Conversational commerce, social marketing, and social commerce are now jumping to the mainstream. They’re deemed important enough by Facebook to make up a huge part of their developer conference.
Full disclosure, I’m a member of the Jumper team. You’ll notice our CEO in the above image and panel.
Facebook, the largest social network in the world, thinks social commerce is important enough that all of their partners need to know about it. And thus, we think you should know more about them too.
But here’s the thing.
Even in its brief lifetime, conversational marketing has exploded. It’s become a potential revenue generator for brands of every different size and has branched out into several different disciplines.
There’s a ton of different conversational methods of marketing out there.
These are all great methods of engaging users. But they’re not specifically focused on eCommerce sales.
Sure, you can bend some of them to help out, but without that native functionality, you’re going to waste more time figuring it out. And as a busy store owner, you don’t have that time.
You need results and you need them ASAP.
So today, I’m going to run you through the only conversational marketing method that’s specifically focused on making ecommerce sales.
I’m going to run you through the awesome power of social commerce.
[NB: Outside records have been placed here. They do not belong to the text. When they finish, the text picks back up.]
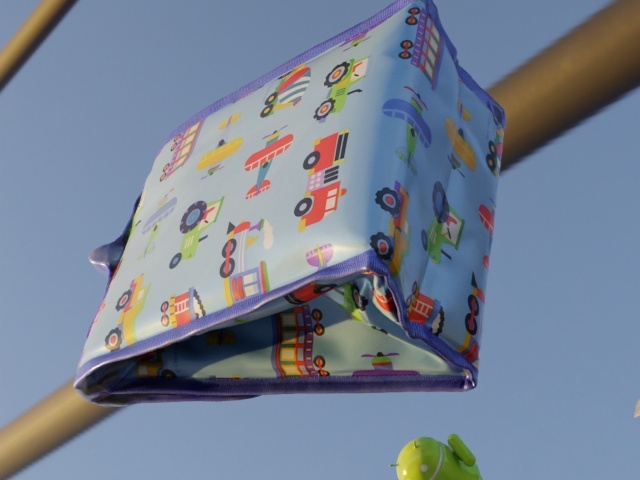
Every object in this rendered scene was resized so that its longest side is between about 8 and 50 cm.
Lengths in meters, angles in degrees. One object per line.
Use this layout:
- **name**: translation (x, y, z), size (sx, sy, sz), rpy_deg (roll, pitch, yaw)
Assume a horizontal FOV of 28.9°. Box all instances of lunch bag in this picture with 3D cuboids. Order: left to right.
- **lunch bag**: translation (-0.043, -0.008, 0.825), size (0.293, 0.221, 0.138), rpy_deg (-12, -43, 30)

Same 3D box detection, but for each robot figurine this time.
- **robot figurine**: translation (0.137, 0.269, 1.427), size (0.115, 0.067, 0.101), rpy_deg (32, -70, -22)

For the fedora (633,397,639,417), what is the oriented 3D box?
- **fedora**: translation (0.502, 0.221, 1.458), size (0.243, 0.124, 0.275), rpy_deg (-18, -16, 29)
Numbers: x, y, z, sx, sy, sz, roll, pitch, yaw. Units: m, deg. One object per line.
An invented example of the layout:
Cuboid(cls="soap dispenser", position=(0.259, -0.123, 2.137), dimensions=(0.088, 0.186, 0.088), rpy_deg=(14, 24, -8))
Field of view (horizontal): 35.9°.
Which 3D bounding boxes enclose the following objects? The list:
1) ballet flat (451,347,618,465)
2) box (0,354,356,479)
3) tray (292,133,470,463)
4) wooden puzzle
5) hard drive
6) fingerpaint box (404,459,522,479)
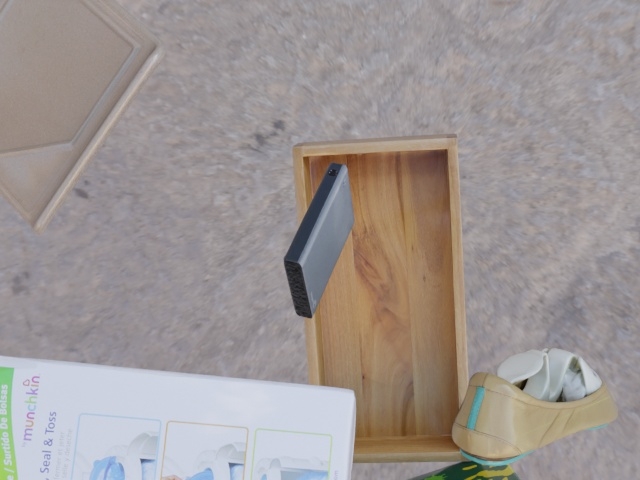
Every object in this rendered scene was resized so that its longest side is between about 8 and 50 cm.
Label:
Cuboid(cls="ballet flat", position=(0.185, 0.123, 0.796), dimensions=(0.080, 0.232, 0.073), rpy_deg=(10, 98, 34))
Cuboid(cls="box", position=(-0.096, 0.116, 0.496), dimensions=(0.203, 0.114, 0.103), rpy_deg=(7, 81, -12))
Cuboid(cls="tray", position=(0.082, 0.076, 1.262), dimensions=(0.202, 0.076, 0.411), rpy_deg=(-3, 99, 7))
Cuboid(cls="wooden puzzle", position=(-0.274, -0.156, 0.978), dimensions=(0.238, 0.044, 0.221), rpy_deg=(44, 103, 28))
Cuboid(cls="hard drive", position=(0.000, 0.000, 1.019), dimensions=(0.022, 0.094, 0.135), rpy_deg=(12, 54, 18))
Cuboid(cls="fingerpaint box", position=(0.126, 0.538, 1.206), dimensions=(0.371, 0.163, 0.445), rpy_deg=(-17, 95, -1))
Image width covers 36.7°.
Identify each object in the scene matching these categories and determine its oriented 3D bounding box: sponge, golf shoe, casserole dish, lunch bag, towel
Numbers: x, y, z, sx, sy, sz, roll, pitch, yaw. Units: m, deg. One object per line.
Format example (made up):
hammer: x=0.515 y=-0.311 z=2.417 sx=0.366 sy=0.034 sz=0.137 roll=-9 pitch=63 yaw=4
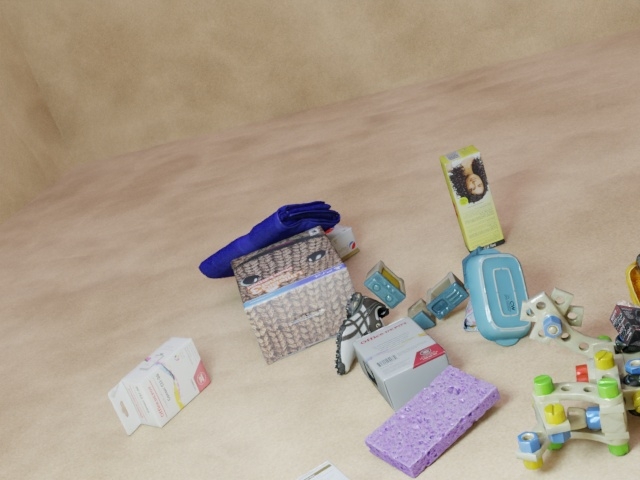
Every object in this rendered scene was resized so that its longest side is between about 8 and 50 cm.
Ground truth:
sponge: x=0.186 y=0.297 z=1.602 sx=0.210 sy=0.031 sz=0.117 roll=-36 pitch=31 yaw=-22
golf shoe: x=0.083 y=0.186 z=1.923 sx=0.094 sy=0.077 sz=0.198 roll=12 pitch=49 yaw=10
casserole dish: x=0.335 y=0.100 z=1.785 sx=0.114 sy=0.188 sz=0.037 roll=-3 pitch=-17 yaw=-18
lunch bag: x=0.314 y=0.136 z=1.875 sx=0.083 sy=0.053 sz=0.071 roll=-38 pitch=12 yaw=30
towel: x=-0.128 y=-0.004 z=2.333 sx=0.308 sy=0.076 sz=0.227 roll=-32 pitch=-17 yaw=36

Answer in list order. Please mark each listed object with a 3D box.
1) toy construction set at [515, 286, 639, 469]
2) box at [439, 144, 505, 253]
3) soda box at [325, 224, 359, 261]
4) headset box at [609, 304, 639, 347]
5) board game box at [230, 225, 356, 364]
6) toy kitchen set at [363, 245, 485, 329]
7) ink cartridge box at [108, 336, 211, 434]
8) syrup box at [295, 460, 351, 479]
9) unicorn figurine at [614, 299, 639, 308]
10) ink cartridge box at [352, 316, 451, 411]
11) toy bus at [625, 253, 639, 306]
toy construction set: x=0.408 y=0.212 z=1.508 sx=0.215 sy=0.151 sz=0.328 roll=-11 pitch=34 yaw=16
box: x=0.336 y=-0.088 z=2.136 sx=0.087 sy=0.232 sz=0.058 roll=-22 pitch=25 yaw=0
soda box: x=0.000 y=0.000 z=2.444 sx=0.074 sy=0.069 sz=0.216 roll=-33 pitch=24 yaw=-27
headset box: x=0.490 y=0.132 z=1.492 sx=0.062 sy=0.032 sz=0.083 roll=10 pitch=28 yaw=-11
board game box: x=-0.056 y=0.112 z=2.133 sx=0.232 sy=0.141 sz=0.291 roll=-22 pitch=22 yaw=-4
toy kitchen set: x=0.214 y=0.073 z=1.890 sx=0.207 sy=0.166 sz=0.122 roll=-43 pitch=14 yaw=20
ink cartridge box: x=-0.326 y=0.299 z=1.966 sx=0.067 sy=0.115 sz=0.198 roll=1 pitch=31 yaw=41
syrup box: x=0.042 y=0.421 z=1.390 sx=0.096 sy=0.093 sz=0.237 roll=-29 pitch=23 yaw=-19
unicorn figurine: x=0.553 y=0.154 z=1.575 sx=0.111 sy=0.162 sz=0.060 roll=-2 pitch=64 yaw=56
ink cartridge box: x=0.151 y=0.224 z=1.782 sx=0.127 sy=0.072 sz=0.175 roll=-24 pitch=22 yaw=-9
toy bus: x=0.628 y=0.053 z=1.699 sx=0.220 sy=0.149 sz=0.211 roll=-23 pitch=9 yaw=0
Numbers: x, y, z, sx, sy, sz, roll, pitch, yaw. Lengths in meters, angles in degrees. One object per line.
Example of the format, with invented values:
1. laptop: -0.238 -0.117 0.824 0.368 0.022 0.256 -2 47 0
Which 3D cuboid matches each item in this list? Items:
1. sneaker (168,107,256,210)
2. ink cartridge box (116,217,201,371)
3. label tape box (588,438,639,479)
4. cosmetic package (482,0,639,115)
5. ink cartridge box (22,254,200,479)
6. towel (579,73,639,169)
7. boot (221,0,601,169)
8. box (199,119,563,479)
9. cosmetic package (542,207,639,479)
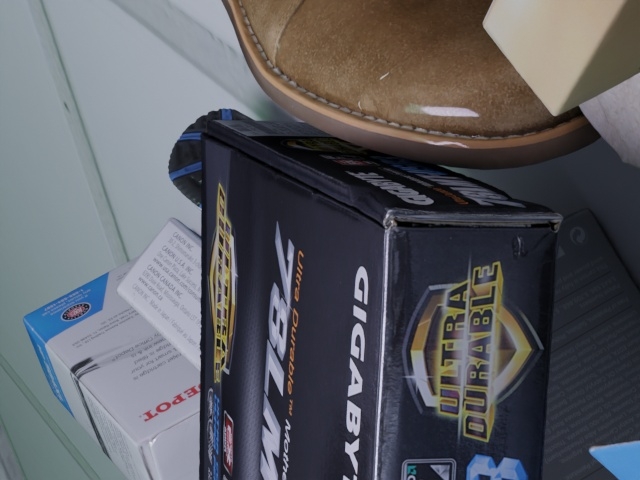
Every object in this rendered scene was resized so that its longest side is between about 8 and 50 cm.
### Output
1. sneaker: 0.000 0.000 1.031 0.211 0.080 0.081 46 180 37
2. ink cartridge box: 0.041 0.124 1.064 0.261 0.066 0.296 38 179 -40
3. label tape box: 0.216 0.192 0.480 0.333 0.106 0.240 40 162 -6
4. cosmetic package: 0.093 -0.088 0.514 0.041 0.060 0.115 55 161 15
5. ink cartridge box: -0.100 0.095 1.282 0.203 0.148 0.086 39 150 50
6. towel: 0.092 -0.155 0.585 0.282 0.049 0.187 60 159 2
7. boot: 0.012 -0.134 0.751 0.305 0.112 0.115 46 145 43
8. box: 0.007 0.109 0.742 0.293 0.073 0.296 -143 54 -73
9. cosmetic package: 0.123 0.120 0.807 0.238 0.107 0.127 62 159 10
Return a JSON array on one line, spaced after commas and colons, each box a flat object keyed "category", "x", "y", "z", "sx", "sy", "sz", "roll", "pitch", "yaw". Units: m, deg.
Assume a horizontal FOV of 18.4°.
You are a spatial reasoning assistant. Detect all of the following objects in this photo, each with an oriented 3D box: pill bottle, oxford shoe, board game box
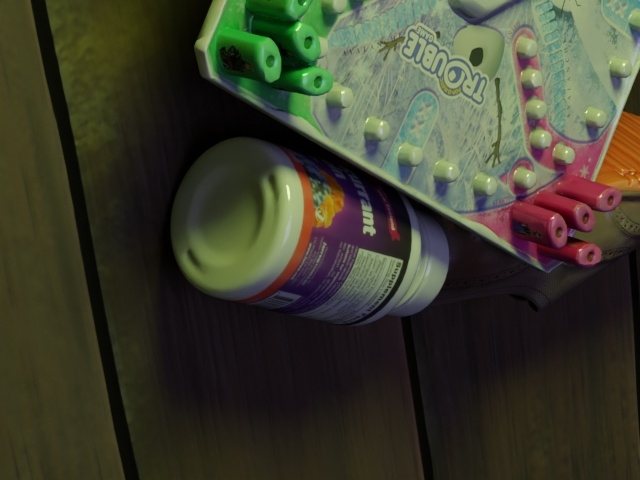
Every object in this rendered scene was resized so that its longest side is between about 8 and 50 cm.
[{"category": "pill bottle", "x": 0.000, "y": 0.000, "z": 1.342, "sx": 0.193, "sy": 0.108, "sz": 0.108, "roll": 15, "pitch": 91, "yaw": -49}, {"category": "oxford shoe", "x": 0.189, "y": -0.024, "z": 1.557, "sx": 0.363, "sy": 0.130, "sz": 0.133, "roll": -6, "pitch": 126, "yaw": -42}, {"category": "board game box", "x": 0.131, "y": -0.212, "z": 1.298, "sx": 0.390, "sy": 0.050, "sz": 0.390, "roll": 28, "pitch": 82, "yaw": -45}]
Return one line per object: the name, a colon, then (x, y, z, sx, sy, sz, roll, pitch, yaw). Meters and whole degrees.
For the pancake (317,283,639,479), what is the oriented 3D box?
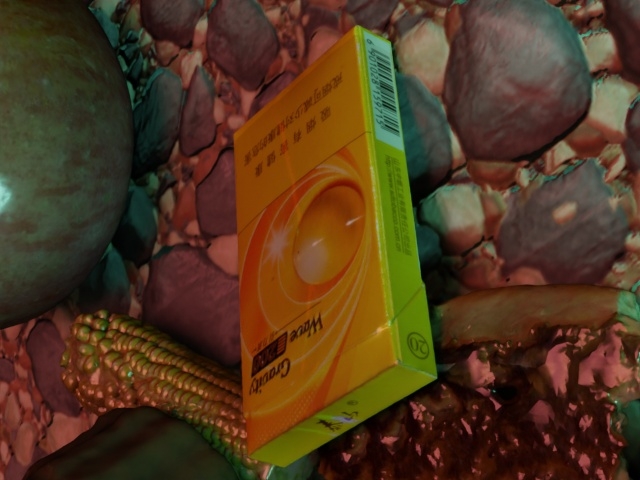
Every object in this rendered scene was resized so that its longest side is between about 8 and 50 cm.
pancake: (0.116, 0.144, 0.740, 0.266, 0.057, 0.244, -43, 63, 39)

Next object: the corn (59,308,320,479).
corn: (-0.109, 0.124, 0.948, 0.288, 0.086, 0.086, 20, 99, 46)

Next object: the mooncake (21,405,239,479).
mooncake: (-0.132, 0.237, 0.880, 0.228, 0.124, 0.228, 31, 135, 38)

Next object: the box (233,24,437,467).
box: (0.000, 0.000, 0.839, 0.152, 0.043, 0.269, -39, 43, 39)

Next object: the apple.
apple: (-0.324, -0.088, 1.078, 0.345, 0.269, 0.344, -8, 79, 47)

Quite simply, it’s the sales of products directly through social media. It differs from regular social media marketing because you don’t need to redirect users to your store or product page.
They’re able to purchase directly from your social post or even Instagram stories.
You’ll have seen this in action already. Facebook Marketplace is a good example. And then you’ve got the recent (limited rollout) introduction of Instagram Checkouts that take this to the next level.
These solutions are great, but they’re limited in a number of ways:
In short, they might help make a couple more sales, but they’re not great for brands wanting to roll out an integrated, omnichannel approach.
Fortunately, there are a few services out there that will help you achieve this.
But first, let’s look at why you should care beyond the hype.
Picture this. You’re out at the mall with friends.
You stumble across a small store. In the window is a pair of shoes you’d love to buy so you go in and ask for a little more detail. The assistant runs you through the shoes’ features and really highlights those benefits.
You’re ready to buy.
But, as you reach for your wallet, the assistant stops you and says “if you want to buy these, head to our store”. This is only a display model. To buy them you’ve got to drive 15 minutes away to their primary storefront.
Would you go?
It sounds stupid, but this is the purchase journey most brands offer with their social marketing. They’re engaging consumers on social, but to actually buy something, you'd have to switch to a browser window and search again for the shoes, or navigate their webpage. Consumers who aren’t on the platform to shop, but to connect with friends. And yet they still try and force a lengthy purchase journey on people who aren’t actively looking to buy.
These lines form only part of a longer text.